Os números e as informações carecem de confirmação oficial ou independente, uma vez que o regime líbio proíbe a atuação da imprensa no país. O governo cortou as linhas de telefone e, pela falta de fotógrafos no local, jornalistas vêm dependendo de fotos de autoria desconhecida para relatar os protestos. Aparentemente, os manifestantes assumiram o controle de várias cidades no leste do país, perto do Egito. Na fronteira, as Forças Armadas egípcias disseram que os guardas da Líbia se retiraram e que agora a divisa é controlada por "comitês do povo", que decidem que entra e sai do país.

Isolamento

O isolamento de Kadafi ganhou força logo no início da segunda-feira, quando embaixadores líbios na Índia, na China e na Liga Árabe deixaram o cargo em protesto à ofensiva do governo. O ministro da Justiça, Mustafa Mohamed Abud al-Jeleil, também renunciou em protesto ao "uso excessivo de violência".
Na ONU, a rejeição às ações do regime foram ainda mais firme. O vice-embaixador líbio no organismo, LIbrahim Dabbashi, recomendou publicamente a renúncia do ditador, que segundo ele "declarou guerra ao povo" e está cometendo um "genocídio".
Dia al-Hotmani, porta-voz da missão líbia na ONU, disse que os diplomatas líbios "estão apenas com o povo", e não com Kadafi.
Entre os militares, o ditador líbio também perdeu apoio. Um grupo de oficiais do Exército divulgou um comunicado pedindo que seus companheiros "se juntem ao povo" e ajudem a derrubar Kadafi, segundoa rede árabe al-Jazeera.

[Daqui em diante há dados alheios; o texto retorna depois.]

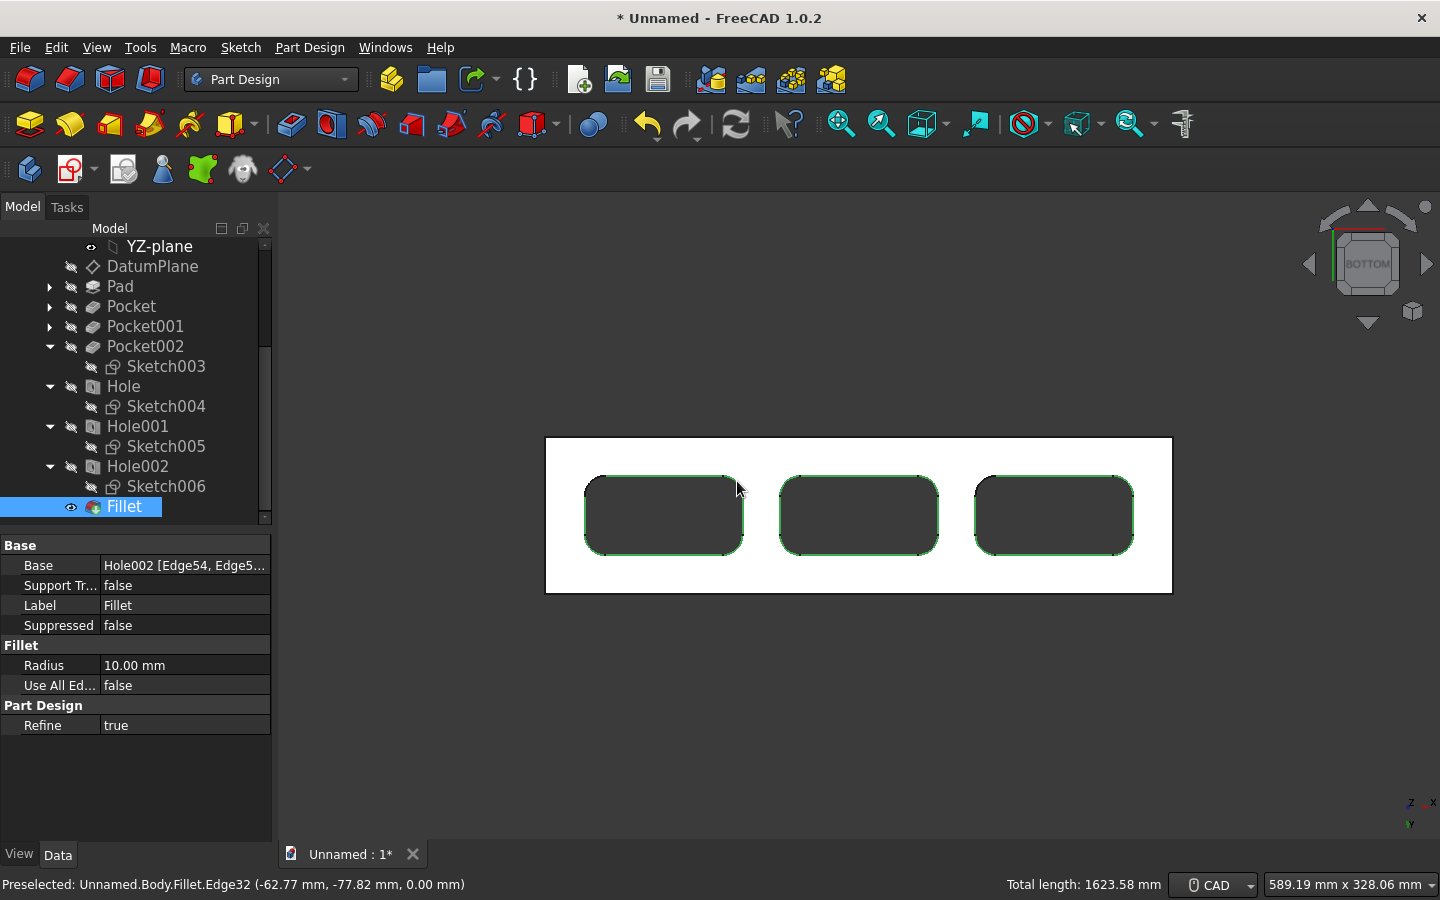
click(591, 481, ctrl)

Dois coronéis da Força Aérea chegaram a fugir com seus caça para Malta, após se recusarem a cumprir a ordem de bombardear manifestantes.

Condenação internacional

Diversos governos estrangeiros condenaram a repressão aos manifestantes, que agem sob inspiração das recentes revoltas populares nos vizinhos Egito e Tunísia.
Em uma conversa por telefone, o secretário-geral da ONU, Ban Ki-moon, deixou clara sua "profunda preocupação com o aumento crescente da violência" e pediu o fim imediato dos confrontos.
O ministro das Relações Exteriores, Antonio Patriota, condenou a repressão a manifestantes na Líbia e disse que um avião com brasileiros está aguardando autorização para deixar a cidade de Benghazi.
O premier britânico, David Cameron, e o presidente da França, Nicolas Sarkozy, condenara, de forma firme a reação do governo Kadafi, assim como a secretária de Estado americana, Hillary Clinton, que classificou as ações como um "banho de sangue inaceitável".